Through the ¹H NMR spectrum, it was possible to confirm the presence of the carbazolyl group in the meso position of the BODIPY core, with the characteristic proton signals appearing in the aromatic zone of the spectrum. Additionally, the data obtained by mass spectrometry is in agreement with the expected structure.

3.2. Photophysical Characterization of BODIPY Derivative 1 

The photophysical characterization of BODIPY derivative 1 was investigated in acetonitrile solution. The compound showed an intense absorption band (log ε = 4.9) at 496 nm. Upon excitation at 480 nm, the compound exhibited an emission band at 507 nm (Figure 2). The relative fluorescence quantum yield, determined by using Rhodamine 6G in ethanol as fluorescence standard (Φ_F = 0.95), was found to be low (Φ_F = 0.019).
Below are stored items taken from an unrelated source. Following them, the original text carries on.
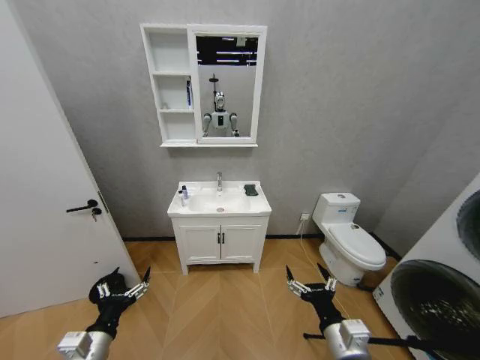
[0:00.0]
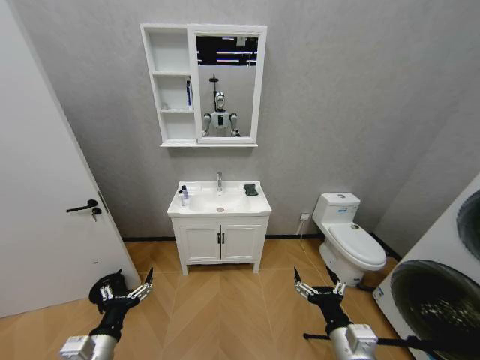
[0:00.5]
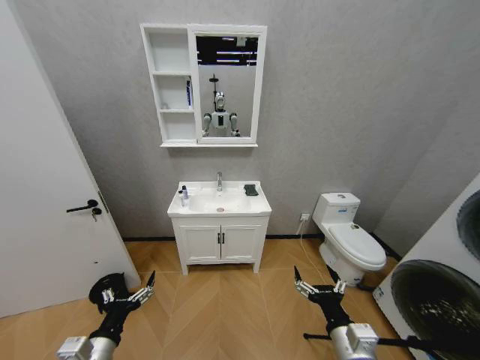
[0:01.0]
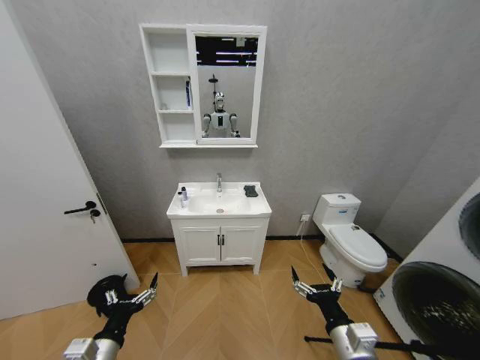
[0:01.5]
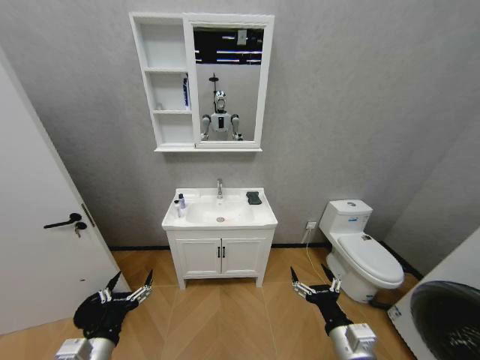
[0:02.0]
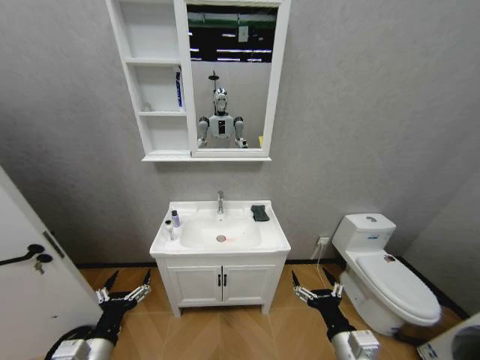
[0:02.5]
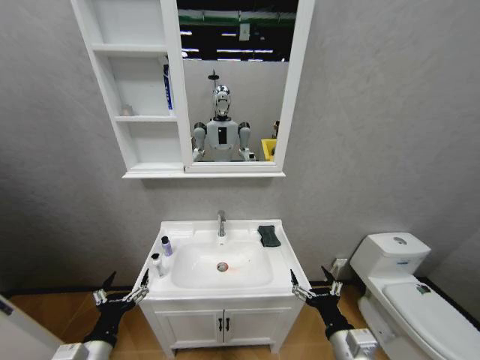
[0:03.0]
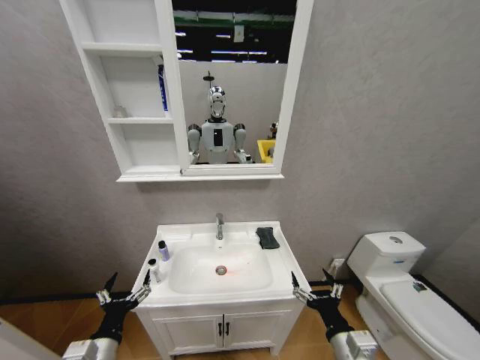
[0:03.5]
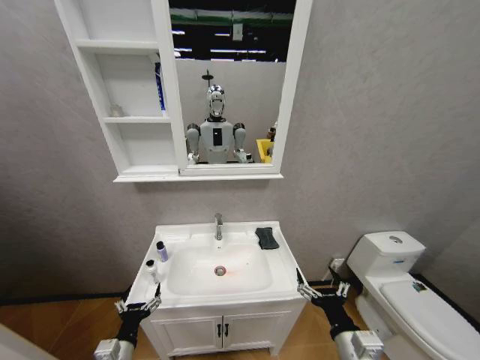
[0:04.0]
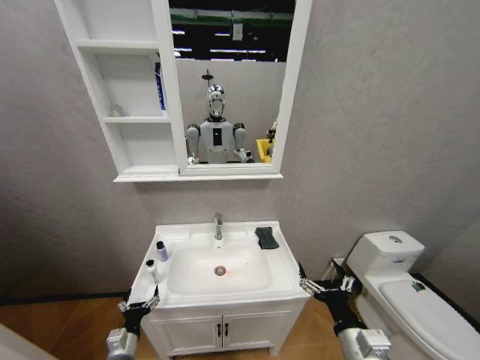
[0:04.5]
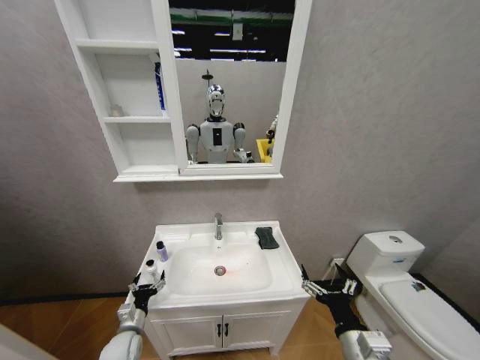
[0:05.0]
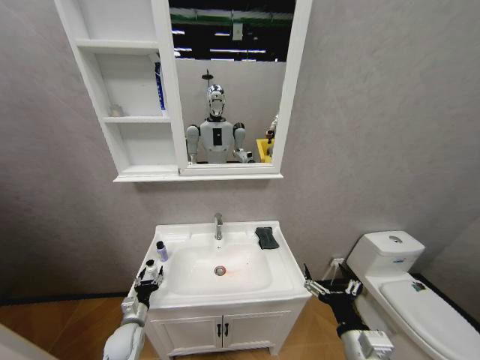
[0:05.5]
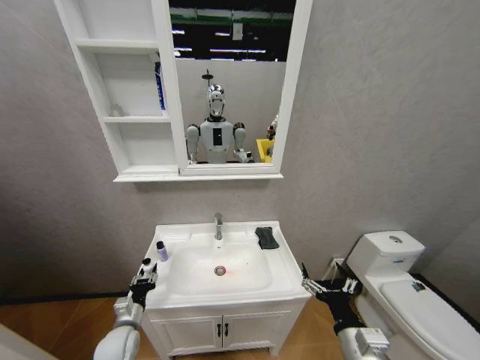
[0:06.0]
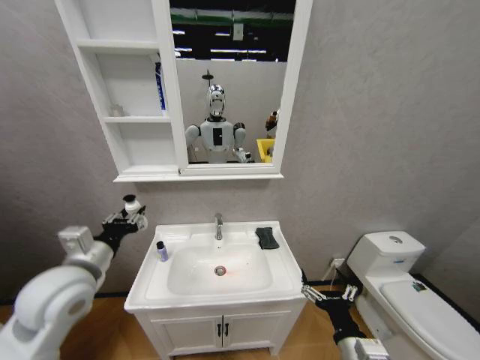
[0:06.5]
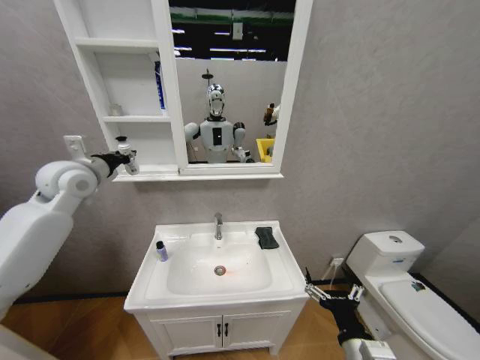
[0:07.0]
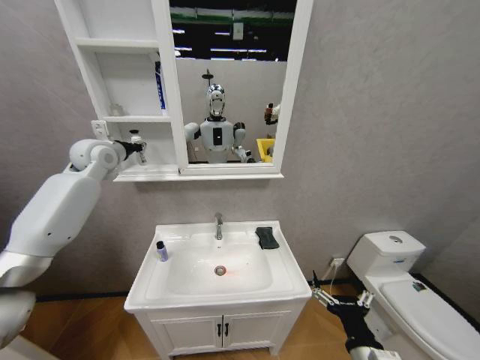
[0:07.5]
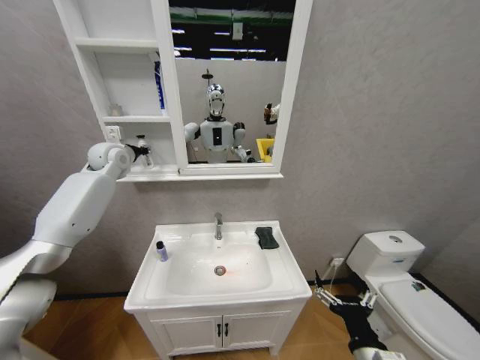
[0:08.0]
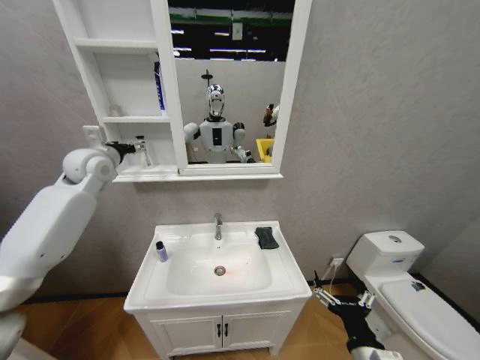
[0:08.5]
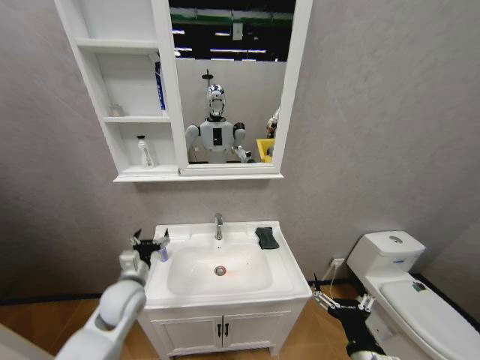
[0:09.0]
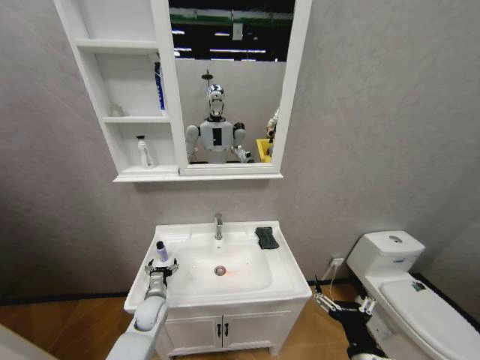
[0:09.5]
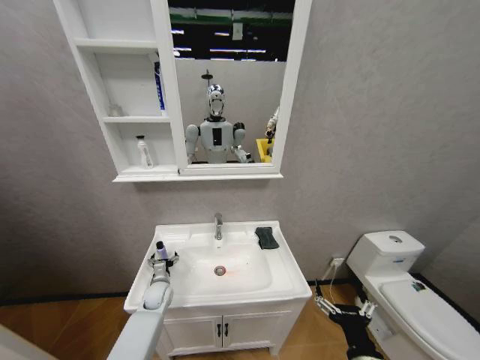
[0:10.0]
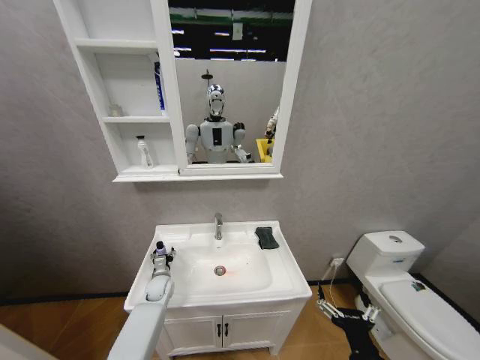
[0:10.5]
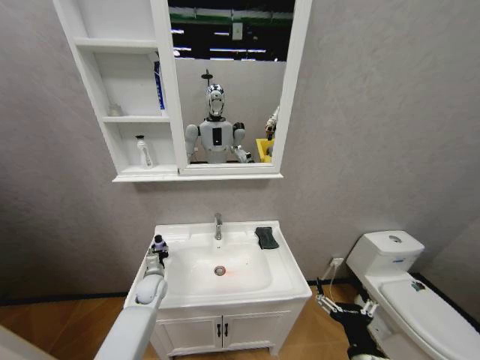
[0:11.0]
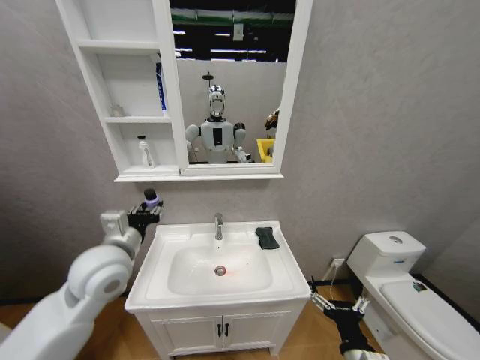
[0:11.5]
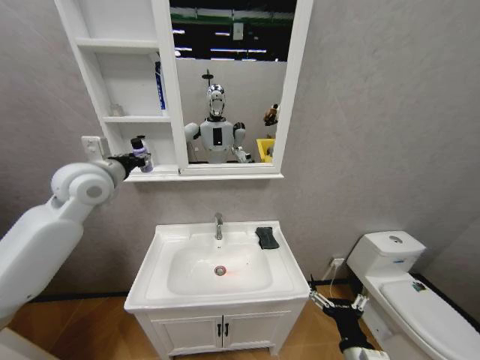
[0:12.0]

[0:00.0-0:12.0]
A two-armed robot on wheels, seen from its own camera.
Task of the whole recording: Move facial cleanser and shampoo from washbasin to cabinet, then wipe washbasin with towel.
0:02.0 to 0:04.0: The left gripper shifts approximately 10 cm downward.
0:04.0 to 0:06.0: The left gripper moves forward, approximately 10 cm, and closes its fingers.
0:06.0 to 0:08.0: The left gripper shifts approximately 50 cm upward and forward.
0:08.0 to 0:10.0: The left gripper travels downward by roughly 50 cm, and opens.
0:10.0 to 0:12.0: The left gripper goes about 50 cm upward, and closes up.

3.3. Chemosensing Studies of BODIPY Derivative 1 

Preliminary evaluation of carbazolyl-BODIPY 1 as an optical chemosensor was performed in the presence of several anions in acetonitrile solution. The study was carried out by addition of 50 equivalents of each anion to the compound’s solution and, as can be seen in Figure 3, there was a selective increase in the fluorescence of the compound upon addition of F^-.

4. Conclusions

The BODIPY derivative 1 functionalized at the meso position with a carbazolyl group was synthesized through a condensation reaction between 2,4-dimethylpyrrole and N-ethylcarbazolyl-4-carbaldehyde, at a 17% yield. This compound was characterized by the usual spectroscopic techniques and the photophysical properties were also determined. Additionally, the preliminary chemosensing study of BODIPY derivative 1 shows the selective recognition of F^- among several anions, through a perceptible enhancement of the fluorescence of the solution of the compound. Therefore, BODIPY 1 could be a potential selective fluorimetric chemosensor for the detection of fluoride.